In each measurement, a client sends a certain number of requests for a file to a server, either through a proxy or not, with a set delay a fixed bandwidth and, in case, a packet loss. On the other hand, an experiment is a set of measurements with a starting delay that is increased for each measurement, according to a step. The parameters of an experiment are the number of measurements, the number of iterations (requests) per measurement, the starting delay, the step, the file size, the bandwidth and finally the packet loss. An experiment is performed for a certain category, so a complete test includes four experiments, one for each possible category. To sum up, a full test is made of four experiments, one for each category or scenario (MASQUE, TCP-TLS with proxy, QUIC and TCP-TLS without proxy). In turn, each experiment is made of M measurements, each with a different additional delay, distanced according to a predefined step.
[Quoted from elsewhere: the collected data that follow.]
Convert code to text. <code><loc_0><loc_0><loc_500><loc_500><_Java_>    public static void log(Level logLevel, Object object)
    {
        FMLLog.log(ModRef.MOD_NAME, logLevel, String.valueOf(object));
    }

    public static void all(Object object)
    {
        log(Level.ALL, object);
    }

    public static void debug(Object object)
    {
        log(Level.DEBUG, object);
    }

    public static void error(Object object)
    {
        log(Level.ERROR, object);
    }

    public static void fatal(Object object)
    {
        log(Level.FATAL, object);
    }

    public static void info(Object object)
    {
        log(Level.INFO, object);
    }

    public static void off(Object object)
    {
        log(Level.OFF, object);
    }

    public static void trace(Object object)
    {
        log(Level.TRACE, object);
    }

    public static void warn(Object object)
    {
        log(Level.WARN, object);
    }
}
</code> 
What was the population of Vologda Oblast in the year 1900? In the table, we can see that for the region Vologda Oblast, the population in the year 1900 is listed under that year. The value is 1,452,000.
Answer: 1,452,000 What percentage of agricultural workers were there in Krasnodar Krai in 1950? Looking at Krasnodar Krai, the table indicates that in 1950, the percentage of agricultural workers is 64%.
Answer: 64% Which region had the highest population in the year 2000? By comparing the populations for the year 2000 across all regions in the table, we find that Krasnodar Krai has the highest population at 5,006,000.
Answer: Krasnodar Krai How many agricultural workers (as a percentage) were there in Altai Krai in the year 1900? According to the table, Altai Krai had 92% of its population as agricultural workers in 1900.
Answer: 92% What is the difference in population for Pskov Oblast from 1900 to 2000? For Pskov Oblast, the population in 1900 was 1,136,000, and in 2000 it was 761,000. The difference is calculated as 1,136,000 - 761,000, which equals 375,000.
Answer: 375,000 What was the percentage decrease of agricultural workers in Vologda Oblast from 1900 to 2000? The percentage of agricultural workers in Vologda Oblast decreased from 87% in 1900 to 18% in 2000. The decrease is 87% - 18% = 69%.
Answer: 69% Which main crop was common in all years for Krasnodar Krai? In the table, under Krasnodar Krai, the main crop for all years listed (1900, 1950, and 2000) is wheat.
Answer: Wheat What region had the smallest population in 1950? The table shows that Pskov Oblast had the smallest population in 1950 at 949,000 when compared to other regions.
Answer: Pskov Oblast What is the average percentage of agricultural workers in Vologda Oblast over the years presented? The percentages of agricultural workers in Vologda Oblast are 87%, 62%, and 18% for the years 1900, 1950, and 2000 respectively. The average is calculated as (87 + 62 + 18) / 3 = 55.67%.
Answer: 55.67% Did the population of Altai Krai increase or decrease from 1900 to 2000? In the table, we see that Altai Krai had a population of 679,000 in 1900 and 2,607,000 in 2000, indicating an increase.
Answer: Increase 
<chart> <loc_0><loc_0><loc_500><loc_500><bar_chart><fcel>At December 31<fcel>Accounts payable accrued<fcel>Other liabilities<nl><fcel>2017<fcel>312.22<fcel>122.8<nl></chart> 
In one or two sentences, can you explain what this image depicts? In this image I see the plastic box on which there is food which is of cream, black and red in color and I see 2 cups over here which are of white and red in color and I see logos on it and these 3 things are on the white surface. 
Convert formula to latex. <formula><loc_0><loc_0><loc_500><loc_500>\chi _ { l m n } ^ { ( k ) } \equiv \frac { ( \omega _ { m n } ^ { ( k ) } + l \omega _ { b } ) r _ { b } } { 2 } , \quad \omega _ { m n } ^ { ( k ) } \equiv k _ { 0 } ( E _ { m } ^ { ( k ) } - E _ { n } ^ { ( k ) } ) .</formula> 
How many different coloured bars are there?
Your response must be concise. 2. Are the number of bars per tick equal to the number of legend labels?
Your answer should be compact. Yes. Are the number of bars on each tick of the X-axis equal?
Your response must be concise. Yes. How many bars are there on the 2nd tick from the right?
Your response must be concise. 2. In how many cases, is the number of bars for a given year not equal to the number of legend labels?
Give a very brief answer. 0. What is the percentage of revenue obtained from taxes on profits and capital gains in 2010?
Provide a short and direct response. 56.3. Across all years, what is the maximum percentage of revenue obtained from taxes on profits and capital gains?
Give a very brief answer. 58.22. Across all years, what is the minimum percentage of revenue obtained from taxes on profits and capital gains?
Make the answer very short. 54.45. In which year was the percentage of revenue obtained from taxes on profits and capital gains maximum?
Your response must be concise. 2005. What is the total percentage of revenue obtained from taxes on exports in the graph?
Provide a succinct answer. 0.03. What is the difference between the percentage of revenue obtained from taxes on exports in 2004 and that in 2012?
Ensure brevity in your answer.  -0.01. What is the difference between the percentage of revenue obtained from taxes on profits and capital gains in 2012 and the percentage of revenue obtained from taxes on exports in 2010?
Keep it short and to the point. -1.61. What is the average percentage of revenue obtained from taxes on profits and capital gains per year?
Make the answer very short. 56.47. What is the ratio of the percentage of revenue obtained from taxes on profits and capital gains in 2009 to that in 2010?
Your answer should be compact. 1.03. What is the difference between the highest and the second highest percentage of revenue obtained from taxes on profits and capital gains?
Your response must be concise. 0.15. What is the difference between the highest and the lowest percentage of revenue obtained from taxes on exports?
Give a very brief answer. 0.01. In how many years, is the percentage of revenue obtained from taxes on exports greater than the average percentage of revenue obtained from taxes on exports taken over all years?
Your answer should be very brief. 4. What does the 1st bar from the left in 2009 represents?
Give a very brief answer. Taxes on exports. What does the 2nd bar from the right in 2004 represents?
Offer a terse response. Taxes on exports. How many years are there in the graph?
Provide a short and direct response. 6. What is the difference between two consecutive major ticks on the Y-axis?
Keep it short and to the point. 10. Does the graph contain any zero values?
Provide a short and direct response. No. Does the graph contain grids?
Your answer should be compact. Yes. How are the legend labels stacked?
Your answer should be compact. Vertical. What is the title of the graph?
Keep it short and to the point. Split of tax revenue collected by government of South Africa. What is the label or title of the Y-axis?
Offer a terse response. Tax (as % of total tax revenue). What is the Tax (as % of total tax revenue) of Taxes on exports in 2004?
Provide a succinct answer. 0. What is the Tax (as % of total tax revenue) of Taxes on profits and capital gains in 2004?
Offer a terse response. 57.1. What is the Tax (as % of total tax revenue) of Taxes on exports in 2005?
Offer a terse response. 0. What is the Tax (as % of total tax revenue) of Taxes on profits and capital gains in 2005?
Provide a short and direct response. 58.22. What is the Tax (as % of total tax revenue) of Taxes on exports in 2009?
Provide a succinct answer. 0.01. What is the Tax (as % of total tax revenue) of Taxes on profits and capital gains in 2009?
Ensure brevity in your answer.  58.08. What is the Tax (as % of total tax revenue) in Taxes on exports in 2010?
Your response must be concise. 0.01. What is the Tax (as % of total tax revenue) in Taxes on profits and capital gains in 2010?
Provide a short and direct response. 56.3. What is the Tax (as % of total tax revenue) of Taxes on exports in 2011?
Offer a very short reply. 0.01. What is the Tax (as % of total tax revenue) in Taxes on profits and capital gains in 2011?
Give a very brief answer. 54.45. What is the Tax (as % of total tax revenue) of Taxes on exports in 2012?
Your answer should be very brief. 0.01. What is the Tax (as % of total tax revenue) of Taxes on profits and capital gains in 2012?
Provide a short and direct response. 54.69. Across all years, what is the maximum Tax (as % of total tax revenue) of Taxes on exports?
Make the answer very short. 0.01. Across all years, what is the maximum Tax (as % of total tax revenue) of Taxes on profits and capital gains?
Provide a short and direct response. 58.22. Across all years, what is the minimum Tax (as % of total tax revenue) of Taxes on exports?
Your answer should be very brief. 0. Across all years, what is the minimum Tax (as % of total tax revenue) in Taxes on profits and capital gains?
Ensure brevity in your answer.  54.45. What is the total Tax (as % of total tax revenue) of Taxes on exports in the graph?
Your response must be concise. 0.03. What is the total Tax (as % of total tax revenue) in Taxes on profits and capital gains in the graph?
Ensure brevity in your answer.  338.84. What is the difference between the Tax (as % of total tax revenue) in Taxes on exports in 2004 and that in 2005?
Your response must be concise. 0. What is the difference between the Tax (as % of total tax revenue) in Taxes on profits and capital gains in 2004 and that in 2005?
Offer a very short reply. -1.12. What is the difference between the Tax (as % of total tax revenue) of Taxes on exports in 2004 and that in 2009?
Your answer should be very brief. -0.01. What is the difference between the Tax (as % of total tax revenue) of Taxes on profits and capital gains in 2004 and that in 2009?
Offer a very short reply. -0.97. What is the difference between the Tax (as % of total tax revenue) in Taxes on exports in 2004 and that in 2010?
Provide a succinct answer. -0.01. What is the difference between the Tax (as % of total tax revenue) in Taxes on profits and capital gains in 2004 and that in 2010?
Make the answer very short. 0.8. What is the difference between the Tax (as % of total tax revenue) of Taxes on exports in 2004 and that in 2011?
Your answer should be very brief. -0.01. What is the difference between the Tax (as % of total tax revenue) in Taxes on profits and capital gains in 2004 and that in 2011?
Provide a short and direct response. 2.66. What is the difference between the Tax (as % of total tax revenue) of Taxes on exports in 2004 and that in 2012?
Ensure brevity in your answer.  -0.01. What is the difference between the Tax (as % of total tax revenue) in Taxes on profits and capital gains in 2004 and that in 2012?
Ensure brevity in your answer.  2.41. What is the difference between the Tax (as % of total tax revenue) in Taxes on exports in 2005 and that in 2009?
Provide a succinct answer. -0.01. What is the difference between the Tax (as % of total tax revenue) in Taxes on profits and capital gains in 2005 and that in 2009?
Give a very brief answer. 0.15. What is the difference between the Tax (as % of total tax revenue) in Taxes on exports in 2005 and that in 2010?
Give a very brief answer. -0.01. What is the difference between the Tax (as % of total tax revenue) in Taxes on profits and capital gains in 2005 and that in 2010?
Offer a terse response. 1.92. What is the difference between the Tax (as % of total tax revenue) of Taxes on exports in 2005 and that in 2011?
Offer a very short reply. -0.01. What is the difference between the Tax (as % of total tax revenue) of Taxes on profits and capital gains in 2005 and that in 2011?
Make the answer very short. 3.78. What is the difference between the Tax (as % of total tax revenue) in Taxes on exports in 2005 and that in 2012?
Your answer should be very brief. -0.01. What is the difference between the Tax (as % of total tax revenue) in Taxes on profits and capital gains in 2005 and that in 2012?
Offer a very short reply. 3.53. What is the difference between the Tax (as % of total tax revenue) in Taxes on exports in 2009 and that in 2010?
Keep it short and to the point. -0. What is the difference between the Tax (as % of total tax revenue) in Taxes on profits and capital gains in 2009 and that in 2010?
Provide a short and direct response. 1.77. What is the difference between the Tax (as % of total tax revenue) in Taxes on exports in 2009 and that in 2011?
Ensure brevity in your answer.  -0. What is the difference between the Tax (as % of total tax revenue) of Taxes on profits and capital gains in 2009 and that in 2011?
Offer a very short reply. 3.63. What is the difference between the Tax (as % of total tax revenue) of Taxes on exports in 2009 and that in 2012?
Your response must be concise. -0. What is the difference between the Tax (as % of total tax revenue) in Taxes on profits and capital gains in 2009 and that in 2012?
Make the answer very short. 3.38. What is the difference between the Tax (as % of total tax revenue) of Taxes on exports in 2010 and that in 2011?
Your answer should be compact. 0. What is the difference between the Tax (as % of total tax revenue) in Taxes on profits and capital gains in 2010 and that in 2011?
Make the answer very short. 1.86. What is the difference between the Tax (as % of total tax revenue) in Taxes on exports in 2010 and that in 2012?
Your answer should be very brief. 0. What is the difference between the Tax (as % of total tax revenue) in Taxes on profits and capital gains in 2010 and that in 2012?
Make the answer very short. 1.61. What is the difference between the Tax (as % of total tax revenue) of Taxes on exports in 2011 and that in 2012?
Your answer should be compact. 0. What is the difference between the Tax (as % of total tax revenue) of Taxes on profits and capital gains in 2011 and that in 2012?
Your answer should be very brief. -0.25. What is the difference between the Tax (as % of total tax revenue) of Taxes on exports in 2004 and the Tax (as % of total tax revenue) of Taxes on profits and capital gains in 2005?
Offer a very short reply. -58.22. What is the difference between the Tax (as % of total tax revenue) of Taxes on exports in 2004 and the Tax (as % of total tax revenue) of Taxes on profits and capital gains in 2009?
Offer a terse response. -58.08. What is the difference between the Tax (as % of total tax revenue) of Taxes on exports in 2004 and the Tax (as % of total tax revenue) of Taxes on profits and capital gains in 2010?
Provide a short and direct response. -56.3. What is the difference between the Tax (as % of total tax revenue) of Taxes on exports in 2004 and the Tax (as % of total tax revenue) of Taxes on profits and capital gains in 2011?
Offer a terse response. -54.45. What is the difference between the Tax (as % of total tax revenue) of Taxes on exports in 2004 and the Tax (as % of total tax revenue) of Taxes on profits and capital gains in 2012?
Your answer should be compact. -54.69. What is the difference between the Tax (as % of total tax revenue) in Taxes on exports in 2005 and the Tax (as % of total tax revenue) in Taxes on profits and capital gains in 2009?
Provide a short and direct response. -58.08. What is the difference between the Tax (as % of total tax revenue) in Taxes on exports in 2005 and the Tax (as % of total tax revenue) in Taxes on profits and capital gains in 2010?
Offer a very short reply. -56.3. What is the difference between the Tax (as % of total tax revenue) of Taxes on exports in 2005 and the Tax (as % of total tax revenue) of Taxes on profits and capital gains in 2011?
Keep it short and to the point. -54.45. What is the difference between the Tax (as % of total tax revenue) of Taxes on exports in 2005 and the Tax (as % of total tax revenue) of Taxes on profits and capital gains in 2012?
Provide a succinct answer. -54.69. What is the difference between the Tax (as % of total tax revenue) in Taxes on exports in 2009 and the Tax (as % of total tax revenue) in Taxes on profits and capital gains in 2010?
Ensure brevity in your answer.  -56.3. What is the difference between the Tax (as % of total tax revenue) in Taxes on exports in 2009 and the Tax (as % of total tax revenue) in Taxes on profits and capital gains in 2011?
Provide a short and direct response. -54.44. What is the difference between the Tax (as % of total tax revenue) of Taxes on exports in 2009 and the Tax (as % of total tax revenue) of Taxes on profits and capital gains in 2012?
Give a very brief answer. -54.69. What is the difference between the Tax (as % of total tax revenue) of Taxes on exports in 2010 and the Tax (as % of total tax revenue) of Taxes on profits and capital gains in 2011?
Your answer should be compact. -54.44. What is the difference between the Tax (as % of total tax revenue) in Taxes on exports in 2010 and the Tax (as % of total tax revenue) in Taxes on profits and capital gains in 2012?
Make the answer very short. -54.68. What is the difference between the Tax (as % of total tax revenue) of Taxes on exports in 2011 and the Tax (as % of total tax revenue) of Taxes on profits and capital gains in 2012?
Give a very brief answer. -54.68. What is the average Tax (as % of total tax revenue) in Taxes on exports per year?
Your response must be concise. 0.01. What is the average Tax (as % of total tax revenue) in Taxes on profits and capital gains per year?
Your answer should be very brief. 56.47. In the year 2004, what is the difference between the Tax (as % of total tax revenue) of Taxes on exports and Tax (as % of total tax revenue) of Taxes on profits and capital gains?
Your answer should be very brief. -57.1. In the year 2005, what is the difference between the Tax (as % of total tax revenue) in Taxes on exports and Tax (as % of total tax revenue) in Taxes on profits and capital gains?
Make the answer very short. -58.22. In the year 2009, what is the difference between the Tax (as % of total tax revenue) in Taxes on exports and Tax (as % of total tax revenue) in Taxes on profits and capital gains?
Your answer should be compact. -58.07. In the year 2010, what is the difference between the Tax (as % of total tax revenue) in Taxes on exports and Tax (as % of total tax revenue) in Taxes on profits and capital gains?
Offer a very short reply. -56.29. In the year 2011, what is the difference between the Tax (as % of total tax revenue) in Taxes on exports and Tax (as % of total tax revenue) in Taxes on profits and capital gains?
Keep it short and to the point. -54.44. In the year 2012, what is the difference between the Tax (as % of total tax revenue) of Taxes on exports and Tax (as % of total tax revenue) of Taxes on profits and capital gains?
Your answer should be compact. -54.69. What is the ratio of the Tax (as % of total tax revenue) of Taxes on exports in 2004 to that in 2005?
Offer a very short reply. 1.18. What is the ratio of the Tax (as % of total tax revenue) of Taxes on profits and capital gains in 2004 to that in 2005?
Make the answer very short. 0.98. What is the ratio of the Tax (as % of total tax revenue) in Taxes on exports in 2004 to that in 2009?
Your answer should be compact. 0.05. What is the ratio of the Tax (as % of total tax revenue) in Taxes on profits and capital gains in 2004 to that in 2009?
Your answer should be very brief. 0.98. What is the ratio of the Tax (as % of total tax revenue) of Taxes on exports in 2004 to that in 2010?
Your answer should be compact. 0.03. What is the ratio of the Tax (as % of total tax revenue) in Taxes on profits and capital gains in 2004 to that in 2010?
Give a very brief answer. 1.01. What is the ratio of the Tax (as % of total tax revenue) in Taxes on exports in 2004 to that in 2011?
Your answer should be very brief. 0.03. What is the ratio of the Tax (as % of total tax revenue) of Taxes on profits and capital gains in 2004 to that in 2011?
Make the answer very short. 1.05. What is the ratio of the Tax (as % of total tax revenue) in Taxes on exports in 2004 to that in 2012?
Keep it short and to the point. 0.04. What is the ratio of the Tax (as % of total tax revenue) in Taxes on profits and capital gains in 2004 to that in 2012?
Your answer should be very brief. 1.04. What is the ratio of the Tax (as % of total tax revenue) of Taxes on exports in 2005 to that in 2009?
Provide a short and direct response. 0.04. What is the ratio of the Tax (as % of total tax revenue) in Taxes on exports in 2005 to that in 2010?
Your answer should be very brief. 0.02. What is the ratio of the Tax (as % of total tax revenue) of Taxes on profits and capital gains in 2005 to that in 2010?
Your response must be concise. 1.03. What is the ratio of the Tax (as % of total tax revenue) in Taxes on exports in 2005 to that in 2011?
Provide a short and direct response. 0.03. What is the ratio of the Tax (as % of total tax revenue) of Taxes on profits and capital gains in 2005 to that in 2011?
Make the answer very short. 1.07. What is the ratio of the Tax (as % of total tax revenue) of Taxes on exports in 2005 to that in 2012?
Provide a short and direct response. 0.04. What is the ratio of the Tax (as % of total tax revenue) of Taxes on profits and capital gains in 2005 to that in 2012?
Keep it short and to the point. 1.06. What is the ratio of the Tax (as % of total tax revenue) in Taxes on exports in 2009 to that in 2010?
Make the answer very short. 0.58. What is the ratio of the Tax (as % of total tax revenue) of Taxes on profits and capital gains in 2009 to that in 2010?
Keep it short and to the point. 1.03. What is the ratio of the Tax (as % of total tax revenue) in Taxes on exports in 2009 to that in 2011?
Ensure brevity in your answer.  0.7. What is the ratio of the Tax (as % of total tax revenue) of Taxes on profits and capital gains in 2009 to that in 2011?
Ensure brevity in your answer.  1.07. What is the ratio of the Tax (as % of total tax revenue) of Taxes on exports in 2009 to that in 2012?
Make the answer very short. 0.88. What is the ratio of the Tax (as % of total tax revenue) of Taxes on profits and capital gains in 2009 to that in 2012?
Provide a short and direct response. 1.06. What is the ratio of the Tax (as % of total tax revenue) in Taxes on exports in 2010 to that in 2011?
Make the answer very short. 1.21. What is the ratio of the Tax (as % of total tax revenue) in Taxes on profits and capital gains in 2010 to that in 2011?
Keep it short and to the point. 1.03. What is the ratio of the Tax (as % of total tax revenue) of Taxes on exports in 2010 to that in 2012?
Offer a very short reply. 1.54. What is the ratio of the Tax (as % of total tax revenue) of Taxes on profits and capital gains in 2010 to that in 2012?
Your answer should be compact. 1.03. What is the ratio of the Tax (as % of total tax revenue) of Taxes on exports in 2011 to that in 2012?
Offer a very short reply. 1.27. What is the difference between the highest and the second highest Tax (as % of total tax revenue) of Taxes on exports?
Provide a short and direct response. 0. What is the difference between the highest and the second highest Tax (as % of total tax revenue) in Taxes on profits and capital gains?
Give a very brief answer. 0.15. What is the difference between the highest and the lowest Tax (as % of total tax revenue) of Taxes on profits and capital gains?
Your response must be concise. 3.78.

In fact, a single measurement is described by an artificial delay, which results in an additional RTT, a fixed bandwidth, a packet loss, a file size and a summary of the measured time. This summary is calculated based on N iterations, each corresponding to a request that the client sends to the server for a file, either through a proxy or not. In other words, a test contains four experiments, each with M measurements, each with N iterations.

Testing environment

The emulation setup consists of three Docker containers simulating a client, proxy and server for the tunneled scenario and two Docker containers simulating a client and a server for the end-to-end scenario. In any case, the server container hosts a sample website with a very simple index page and a file of arbitrary size created using the Linux dd command. The site data is stored on the /dev/shm shared memory for more efficiency and speed. A user-defined bridge has been created for the communication between containers, which share the same address space. The traffic control rules are applied to the eth0 interface of each container for the outgoing traffic, depending on the scenario considered. In particular, using tc-netem, the delay is symmetrically set on the client and server interface in the tunneled case and on the client interface only in the end-to-end cases, so that the total additional RTT is the same in all scenarios. On the other hand, the bandwidth is set by applying a Token Bucket Filter (tbf) filter on the client and server interface in all cases. As said, the delay changes incrementally for each measurement, while the bandwidth limitation stays the same. The packet loss is applied to each entity, but, like the delay, it is distributed so that the total loss is the same in the two sets of protocols. Each Docker container has net_admin capabilities in order to be able to apply traffic control rules, and server containers also have a dynamically set shared memory size, based on the size of the file to host.

Bash scripts

The scripts are divided into internal scripts and orchestration scripts. The Docker emulation setup is regulated by three internal Bash scripts, one serving as the entrypoint of the containers, while two being utility scripts. The scripts are as follows, in a bottom-up order:

  • execute.sh: configures and runs an entity, that can be a client, a server, or a proxy, in the QUIC, MASQUE or TCP+TLS (tunneled and end-to-end) scenarios, for a total of seven possible entities. The configuration includes generating and loading certificates for the server, creating an index.html file as well as a text file of a specified size to be downloaded and writing the needed headers on such files.
  • cmd_timestat.sh: calls a specified command a certain number of times and measures its execution time using the Linux time command. Furthermore, it saves intermediate results, logs eventual errors and calculates and saves some useful statistics with the collected times, including mean time, median, minimum, maximum and quartiles. In case of a failed request, it repeats it without saving the time elapsed.
  • run_measurements.sh: Docker entrypoint. It first applies traffic control rules (delay, bandwidth and packet loss), if any, on the specified entity and, if it is a server or a proxy, it simply runs it using the execute.sh script. If it is a client, it executes the cmd_timestat.sh on the execute.sh script and saves the statistics in a csv file. To sum up, this script basically runs a measurement consisting of a specific number of requests for a certain scenario with certain traffic conditions.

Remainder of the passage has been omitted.